§ DATA SHOWN:
◇ ◇ ◇

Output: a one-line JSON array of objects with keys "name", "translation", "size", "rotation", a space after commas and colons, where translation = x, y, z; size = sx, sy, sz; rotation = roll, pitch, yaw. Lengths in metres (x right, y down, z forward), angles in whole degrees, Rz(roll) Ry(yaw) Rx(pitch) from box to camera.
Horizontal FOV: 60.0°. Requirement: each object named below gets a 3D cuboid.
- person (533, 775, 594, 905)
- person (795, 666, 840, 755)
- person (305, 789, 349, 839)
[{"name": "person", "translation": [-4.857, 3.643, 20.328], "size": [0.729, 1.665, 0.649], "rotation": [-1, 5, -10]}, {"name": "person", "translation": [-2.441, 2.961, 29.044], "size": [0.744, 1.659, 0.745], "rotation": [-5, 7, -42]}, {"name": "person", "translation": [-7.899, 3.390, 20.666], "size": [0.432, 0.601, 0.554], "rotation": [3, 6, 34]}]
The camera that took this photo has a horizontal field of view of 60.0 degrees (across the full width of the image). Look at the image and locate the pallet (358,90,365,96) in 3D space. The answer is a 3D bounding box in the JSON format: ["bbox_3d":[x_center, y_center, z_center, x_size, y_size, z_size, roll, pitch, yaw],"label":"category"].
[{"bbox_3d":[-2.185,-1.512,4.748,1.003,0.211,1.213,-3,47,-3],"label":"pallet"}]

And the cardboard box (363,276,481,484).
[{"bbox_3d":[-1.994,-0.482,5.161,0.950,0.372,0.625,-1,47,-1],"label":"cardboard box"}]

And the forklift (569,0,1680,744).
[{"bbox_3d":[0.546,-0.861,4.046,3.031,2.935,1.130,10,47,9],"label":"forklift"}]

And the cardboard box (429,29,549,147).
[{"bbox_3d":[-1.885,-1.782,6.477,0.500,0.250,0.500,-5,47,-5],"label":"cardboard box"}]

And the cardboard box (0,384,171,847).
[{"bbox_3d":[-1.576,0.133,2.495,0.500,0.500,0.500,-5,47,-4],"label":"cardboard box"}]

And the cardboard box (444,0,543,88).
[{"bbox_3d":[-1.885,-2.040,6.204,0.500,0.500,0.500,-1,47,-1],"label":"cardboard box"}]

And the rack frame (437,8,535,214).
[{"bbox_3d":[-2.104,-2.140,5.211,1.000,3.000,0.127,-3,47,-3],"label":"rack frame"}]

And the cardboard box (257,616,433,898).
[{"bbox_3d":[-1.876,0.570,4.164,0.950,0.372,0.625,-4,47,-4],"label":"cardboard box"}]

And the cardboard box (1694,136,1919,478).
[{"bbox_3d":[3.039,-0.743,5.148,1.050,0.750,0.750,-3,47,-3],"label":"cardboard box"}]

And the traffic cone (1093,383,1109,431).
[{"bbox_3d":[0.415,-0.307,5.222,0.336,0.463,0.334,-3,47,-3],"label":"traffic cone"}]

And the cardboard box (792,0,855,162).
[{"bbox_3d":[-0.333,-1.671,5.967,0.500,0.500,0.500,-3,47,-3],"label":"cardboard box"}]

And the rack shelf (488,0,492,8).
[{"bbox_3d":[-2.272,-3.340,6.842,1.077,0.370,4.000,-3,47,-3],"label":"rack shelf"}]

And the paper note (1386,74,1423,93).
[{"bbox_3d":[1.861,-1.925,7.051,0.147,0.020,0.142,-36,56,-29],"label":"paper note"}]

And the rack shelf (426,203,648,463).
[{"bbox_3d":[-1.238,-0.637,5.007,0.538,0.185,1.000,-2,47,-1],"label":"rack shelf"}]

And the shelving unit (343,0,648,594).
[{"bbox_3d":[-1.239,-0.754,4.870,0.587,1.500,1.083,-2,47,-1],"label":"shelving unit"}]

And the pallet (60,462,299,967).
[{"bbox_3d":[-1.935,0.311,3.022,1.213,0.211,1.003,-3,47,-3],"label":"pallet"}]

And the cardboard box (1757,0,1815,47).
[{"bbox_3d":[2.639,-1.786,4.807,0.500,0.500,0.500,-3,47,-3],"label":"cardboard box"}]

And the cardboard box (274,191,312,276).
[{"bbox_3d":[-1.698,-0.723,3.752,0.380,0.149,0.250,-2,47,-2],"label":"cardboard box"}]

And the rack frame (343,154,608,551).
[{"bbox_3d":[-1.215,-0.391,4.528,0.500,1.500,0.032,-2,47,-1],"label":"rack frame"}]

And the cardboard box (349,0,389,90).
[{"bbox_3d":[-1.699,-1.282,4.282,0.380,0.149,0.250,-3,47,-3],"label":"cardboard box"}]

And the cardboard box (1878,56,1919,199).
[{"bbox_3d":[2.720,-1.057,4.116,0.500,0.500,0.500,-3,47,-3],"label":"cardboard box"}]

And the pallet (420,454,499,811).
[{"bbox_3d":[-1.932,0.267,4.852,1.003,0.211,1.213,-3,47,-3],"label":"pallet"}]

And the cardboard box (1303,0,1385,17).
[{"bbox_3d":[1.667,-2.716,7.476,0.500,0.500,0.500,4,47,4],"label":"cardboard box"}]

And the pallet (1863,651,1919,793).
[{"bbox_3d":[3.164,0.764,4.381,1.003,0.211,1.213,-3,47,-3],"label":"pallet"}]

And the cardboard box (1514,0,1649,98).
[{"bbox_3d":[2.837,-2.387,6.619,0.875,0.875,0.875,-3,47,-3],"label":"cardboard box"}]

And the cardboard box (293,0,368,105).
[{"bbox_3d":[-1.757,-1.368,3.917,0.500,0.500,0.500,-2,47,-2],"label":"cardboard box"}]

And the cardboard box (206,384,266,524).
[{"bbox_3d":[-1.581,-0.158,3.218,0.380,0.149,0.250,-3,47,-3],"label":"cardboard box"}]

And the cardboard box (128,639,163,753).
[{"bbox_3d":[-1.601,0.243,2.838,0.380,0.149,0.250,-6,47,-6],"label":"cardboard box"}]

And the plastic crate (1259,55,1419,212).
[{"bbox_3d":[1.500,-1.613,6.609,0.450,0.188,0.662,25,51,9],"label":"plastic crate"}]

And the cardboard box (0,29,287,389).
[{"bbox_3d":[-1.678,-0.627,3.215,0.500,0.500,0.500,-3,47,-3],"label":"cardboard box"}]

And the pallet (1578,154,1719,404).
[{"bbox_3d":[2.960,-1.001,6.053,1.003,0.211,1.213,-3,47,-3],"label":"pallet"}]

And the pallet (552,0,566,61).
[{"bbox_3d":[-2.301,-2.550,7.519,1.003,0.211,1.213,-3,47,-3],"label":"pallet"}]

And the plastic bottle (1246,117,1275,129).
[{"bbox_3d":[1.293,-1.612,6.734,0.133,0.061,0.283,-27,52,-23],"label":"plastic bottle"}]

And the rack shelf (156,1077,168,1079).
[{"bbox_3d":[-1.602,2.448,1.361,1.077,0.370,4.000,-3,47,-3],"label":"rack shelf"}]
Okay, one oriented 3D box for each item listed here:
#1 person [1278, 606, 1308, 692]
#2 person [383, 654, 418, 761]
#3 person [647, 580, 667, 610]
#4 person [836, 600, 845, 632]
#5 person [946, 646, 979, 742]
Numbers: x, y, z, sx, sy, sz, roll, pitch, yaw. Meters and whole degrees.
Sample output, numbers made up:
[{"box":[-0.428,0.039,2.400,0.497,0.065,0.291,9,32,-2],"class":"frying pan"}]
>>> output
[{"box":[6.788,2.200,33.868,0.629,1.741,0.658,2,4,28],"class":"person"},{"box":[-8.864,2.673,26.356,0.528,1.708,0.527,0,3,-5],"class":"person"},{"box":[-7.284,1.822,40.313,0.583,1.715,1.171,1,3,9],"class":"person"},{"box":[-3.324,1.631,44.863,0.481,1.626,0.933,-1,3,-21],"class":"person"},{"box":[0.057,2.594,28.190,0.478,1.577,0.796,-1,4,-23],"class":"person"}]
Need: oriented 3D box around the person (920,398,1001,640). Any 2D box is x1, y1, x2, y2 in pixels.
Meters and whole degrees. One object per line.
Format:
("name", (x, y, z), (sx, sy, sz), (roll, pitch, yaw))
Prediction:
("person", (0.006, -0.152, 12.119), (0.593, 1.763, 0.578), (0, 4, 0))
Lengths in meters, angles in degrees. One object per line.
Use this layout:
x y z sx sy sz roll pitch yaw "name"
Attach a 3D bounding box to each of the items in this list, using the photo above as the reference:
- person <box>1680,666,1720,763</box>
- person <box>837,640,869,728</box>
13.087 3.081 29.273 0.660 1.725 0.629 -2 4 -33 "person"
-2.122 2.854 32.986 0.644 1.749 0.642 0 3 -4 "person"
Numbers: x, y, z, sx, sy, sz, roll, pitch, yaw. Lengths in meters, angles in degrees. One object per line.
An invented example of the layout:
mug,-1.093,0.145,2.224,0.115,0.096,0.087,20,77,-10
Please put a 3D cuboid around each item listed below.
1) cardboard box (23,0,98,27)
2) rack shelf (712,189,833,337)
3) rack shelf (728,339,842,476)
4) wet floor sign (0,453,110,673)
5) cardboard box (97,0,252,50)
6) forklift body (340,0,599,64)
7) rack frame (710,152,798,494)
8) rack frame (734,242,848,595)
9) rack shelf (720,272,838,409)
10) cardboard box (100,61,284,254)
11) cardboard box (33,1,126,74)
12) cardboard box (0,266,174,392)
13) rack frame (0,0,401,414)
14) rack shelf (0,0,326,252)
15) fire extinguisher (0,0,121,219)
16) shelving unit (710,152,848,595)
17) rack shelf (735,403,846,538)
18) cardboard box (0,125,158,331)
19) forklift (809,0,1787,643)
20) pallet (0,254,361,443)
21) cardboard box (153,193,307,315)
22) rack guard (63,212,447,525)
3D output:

◇ ◇ ◇

§ WHAT IS NEEDED:
If a line in the entries holds the word "angles", count it. Report the total only.

§ SOLUTION TO THIS TASK:
3